> Task requirements:
Your copy should match the entries exactly, with no images carried over.

[Data excerpts]
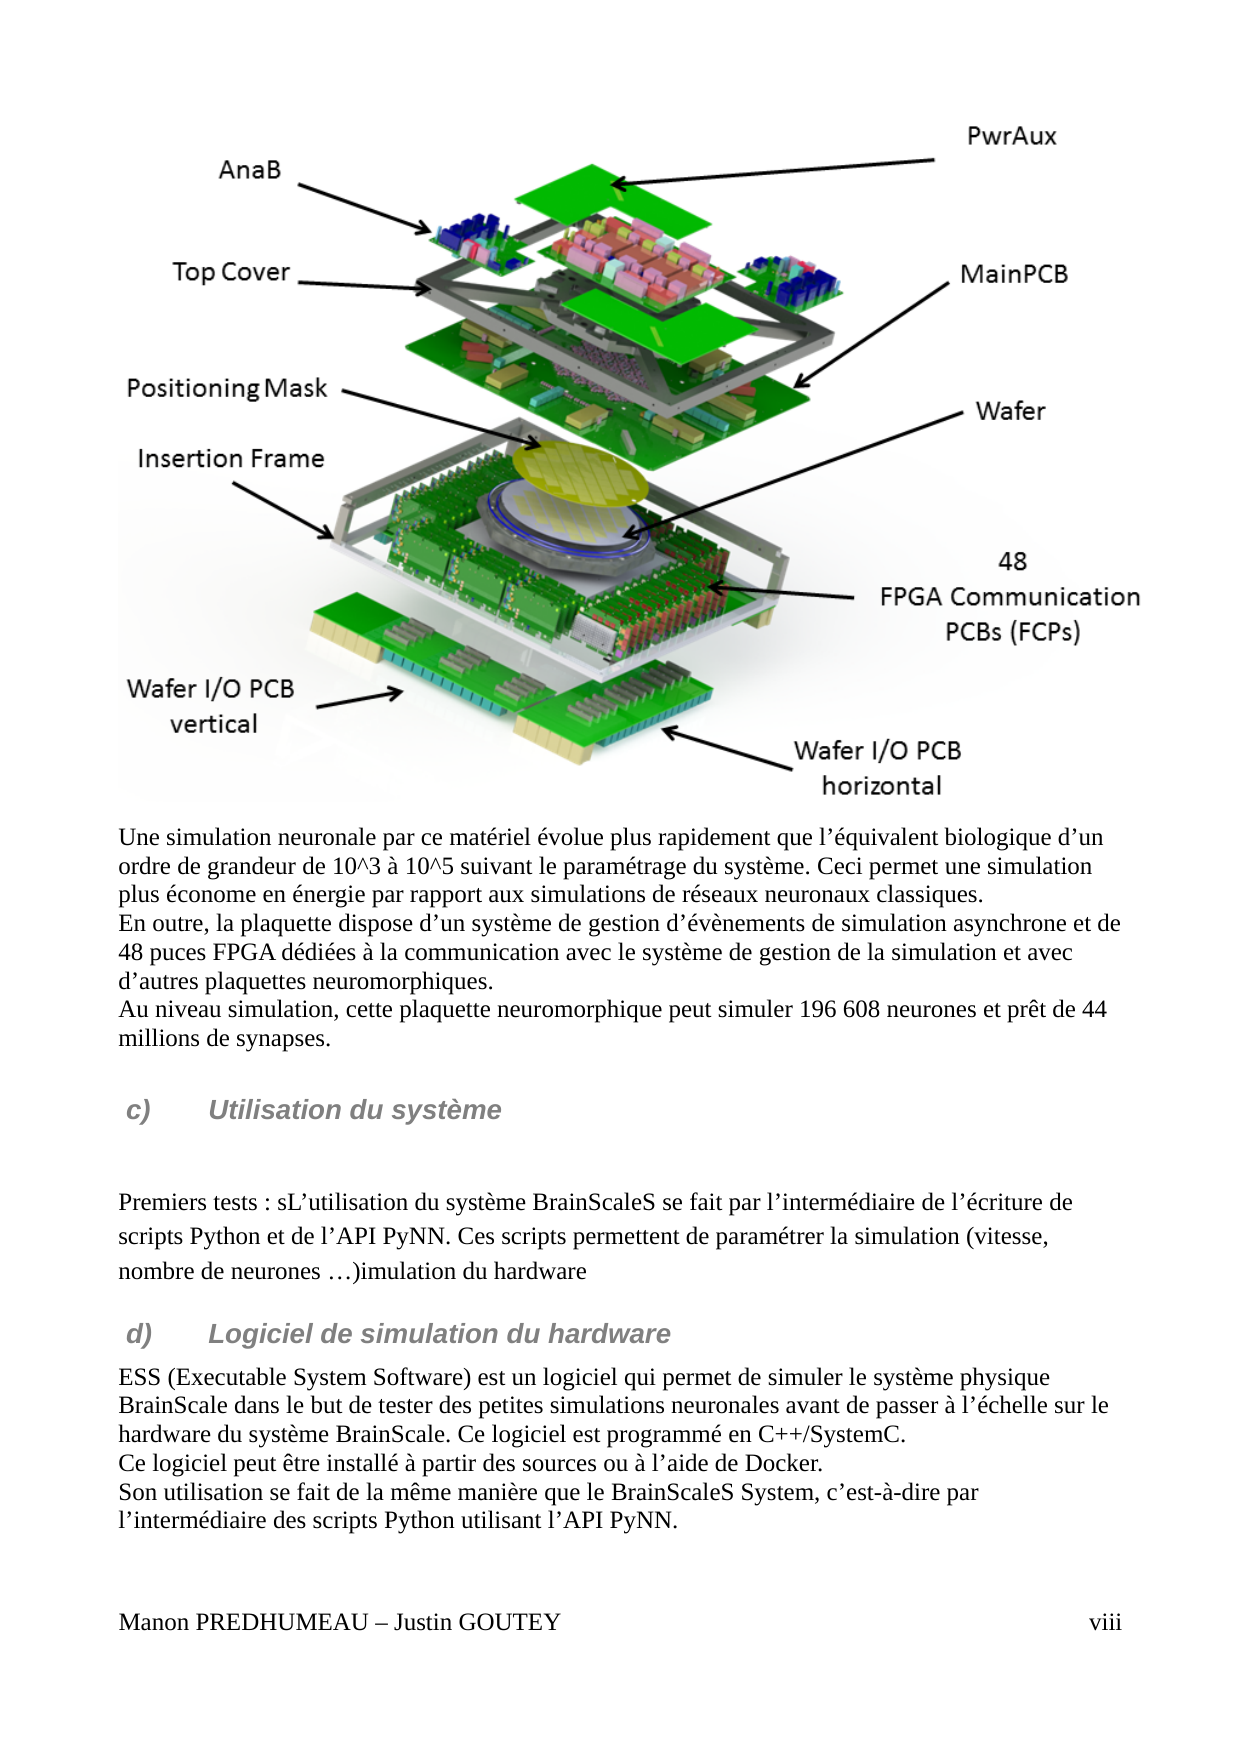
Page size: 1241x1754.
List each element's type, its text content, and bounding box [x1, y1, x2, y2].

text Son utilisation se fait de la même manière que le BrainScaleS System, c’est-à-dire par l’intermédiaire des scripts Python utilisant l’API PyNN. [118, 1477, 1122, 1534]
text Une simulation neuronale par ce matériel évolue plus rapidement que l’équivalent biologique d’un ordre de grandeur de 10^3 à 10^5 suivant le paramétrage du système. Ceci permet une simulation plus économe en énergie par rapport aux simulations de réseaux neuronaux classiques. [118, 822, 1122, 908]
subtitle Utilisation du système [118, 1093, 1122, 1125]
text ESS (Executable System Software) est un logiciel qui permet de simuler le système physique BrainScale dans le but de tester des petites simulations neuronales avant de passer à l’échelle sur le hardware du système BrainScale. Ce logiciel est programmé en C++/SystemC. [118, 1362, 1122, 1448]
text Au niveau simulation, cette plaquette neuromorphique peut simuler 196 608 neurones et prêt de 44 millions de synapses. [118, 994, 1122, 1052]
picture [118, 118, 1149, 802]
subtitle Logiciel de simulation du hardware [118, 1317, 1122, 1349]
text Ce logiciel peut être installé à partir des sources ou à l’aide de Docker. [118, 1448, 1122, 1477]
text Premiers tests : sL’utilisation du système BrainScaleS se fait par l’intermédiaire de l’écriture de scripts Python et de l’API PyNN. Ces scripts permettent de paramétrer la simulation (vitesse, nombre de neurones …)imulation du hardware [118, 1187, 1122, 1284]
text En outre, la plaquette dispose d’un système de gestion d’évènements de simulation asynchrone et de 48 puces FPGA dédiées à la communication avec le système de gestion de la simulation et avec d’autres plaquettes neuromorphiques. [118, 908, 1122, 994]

> Solution to this exercise:
Page size: 1241x1754.
List each element's type, its text content, and bounding box [x1, y1, x2, y2].

text Son utilisation se fait de la même manière que le BrainScaleS System, c’est-à-dire par l’intermédiaire des scripts Python utilisant l’API PyNN. [118, 1477, 1122, 1534]
text Une simulation neuronale par ce matériel évolue plus rapidement que l’équivalent biologique d’un ordre de grandeur de 10^3 à 10^5 suivant le paramétrage du système. Ceci permet une simulation plus économe en énergie par rapport aux simulations de réseaux neuronaux classiques. [118, 822, 1122, 908]
subtitle Utilisation du système [118, 1093, 1122, 1125]
text ESS (Executable System Software) est un logiciel qui permet de simuler le système physique BrainScale dans le but de tester des petites simulations neuronales avant de passer à l’échelle sur le hardware du système BrainScale. Ce logiciel est programmé en C++/SystemC. [118, 1362, 1122, 1448]
text Au niveau simulation, cette plaquette neuromorphique peut simuler 196 608 neurones et prêt de 44 millions de synapses. [118, 994, 1122, 1052]
picture [118, 118, 1149, 802]
subtitle Logiciel de simulation du hardware [118, 1317, 1122, 1349]
text Ce logiciel peut être installé à partir des sources ou à l’aide de Docker. [118, 1448, 1122, 1477]
text Premiers tests : sL’utilisation du système BrainScaleS se fait par l’intermédiaire de l’écriture de scripts Python et de l’API PyNN. Ces scripts permettent de paramétrer la simulation (vitesse, nombre de neurones …)imulation du hardware [118, 1187, 1122, 1284]
text En outre, la plaquette dispose d’un système de gestion d’évènements de simulation asynchrone et de 48 puces FPGA dédiées à la communication avec le système de gestion de la simulation et avec d’autres plaquettes neuromorphiques. [118, 908, 1122, 994]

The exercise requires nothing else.